● **EXERCISE BRIEF**:
Given these entries, repeat exactly the lines starting with the one that has "1) dog chew toy" and going on through the one that has "Every object in", both included, but none of the pictures.

● **SUPPLIED RECORDS**:
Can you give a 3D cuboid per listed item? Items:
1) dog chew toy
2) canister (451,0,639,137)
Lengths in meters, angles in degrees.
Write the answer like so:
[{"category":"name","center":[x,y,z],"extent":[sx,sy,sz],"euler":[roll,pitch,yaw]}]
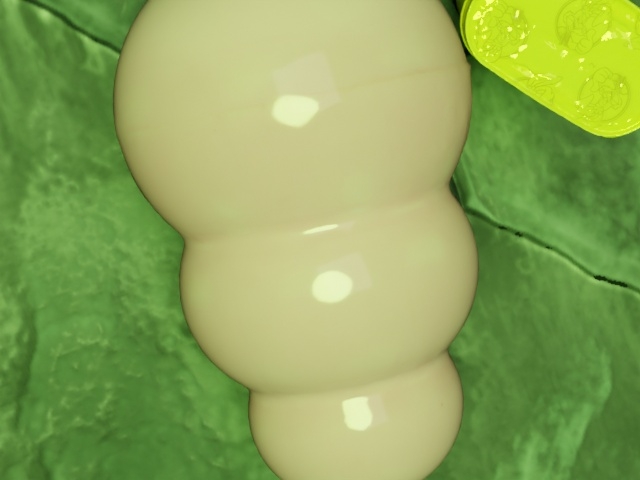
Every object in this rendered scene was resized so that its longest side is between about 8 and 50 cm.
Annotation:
[{"category":"dog chew toy","center":[0.000,0.000,0.603],"extent":[0.206,0.206,0.332],"euler":[-13,98,-13]},{"category":"canister","center":[0.144,-0.139,0.645],"extent":[0.126,0.170,0.073],"euler":[30,110,-9]}]

● **WRITTEN SOLUTION**:
1) dog chew toy
2) canister (451,0,639,137)
Lengths in meters, angles in degrees.
Write the answer like so:
[{"category":"name","center":[x,y,z],"extent":[sx,sy,sz],"euler":[roll,pitch,yaw]}]
Every object in this rendered scene was resized so that its longest side is between about 8 and 50 cm.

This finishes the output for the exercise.